I have been bearish on the U.S. economy for several years. The pandemic likely exposed weaknesses that had been there all along. Policymakers have employed stimulus measures that helped prop up asset prices. In April, Brent oil fell below $10. Supply cuts from Russia, Saudi Arabia and U.S. drillers have helped drive Brent oil above $40. Rising oil prices were positive for oil-related names, but will demand remain robust enough to keep prices from cratering again?

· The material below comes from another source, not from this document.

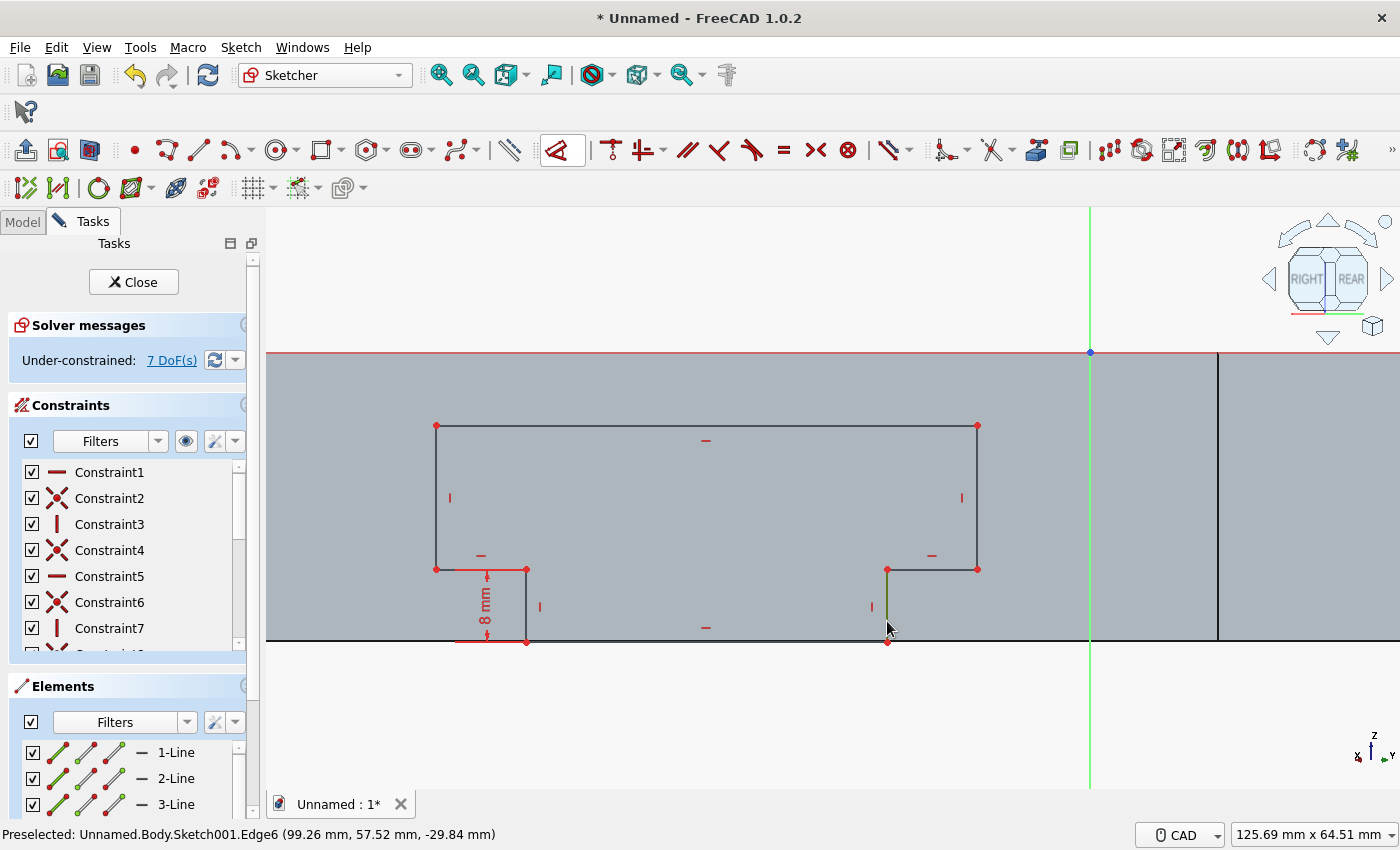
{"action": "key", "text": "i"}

Financial markets reacted positively to monetary stimulus and rising oil prices. Some investors were betting on a V-shaped recovery. The Dow Jones (DIA) was up about 40 percent from its 52-week low achieved in March. Earnings fundamentals may not matter in the short term as long as investors continue to bet on a recovery. As companies begin to reopen, that bullishness could pay off.

Q1 GDP fell 5.0 percent, with personal consumption expenditures falling 6.8 percent and business fixed investment down 8.7 percent. Consumer spending has held up the economy for years; its recent decline was a red flag. A Fed gauge predicts Q2 GDP could fall by over 50 percent. If that occurs then it will likely be driven by a free-fall in consumer spending. If consumer spending does not rebound to previous levels then GDP could remain flat to declining for several quarters. In my opinion, retail and the travel industry could be the two sectors of the economy hardest-hit by waning consumer spending. If consumers focus their spending on essential items, retail and commercial air travel could face headwinds for several quarters.

Conclusion

Financial markets could continue to rally on hopes of a V-shaped recovery. Sans more stimulus, I doubt the economy can sustain much growth even after the economy reopens. Investors should avoid cyclical names and highly-indebted names that need consistent cash flow to service debt.

Disclosure: I/we have no positions in any stocks mentioned, and no plans to initiate any positions within the next 72 hours. I wrote this article myself, and it expresses my own opinions. I am not receiving compensation for it (other than from Seeking Alpha). I have no business relationship with any company whose stock is mentioned in this article.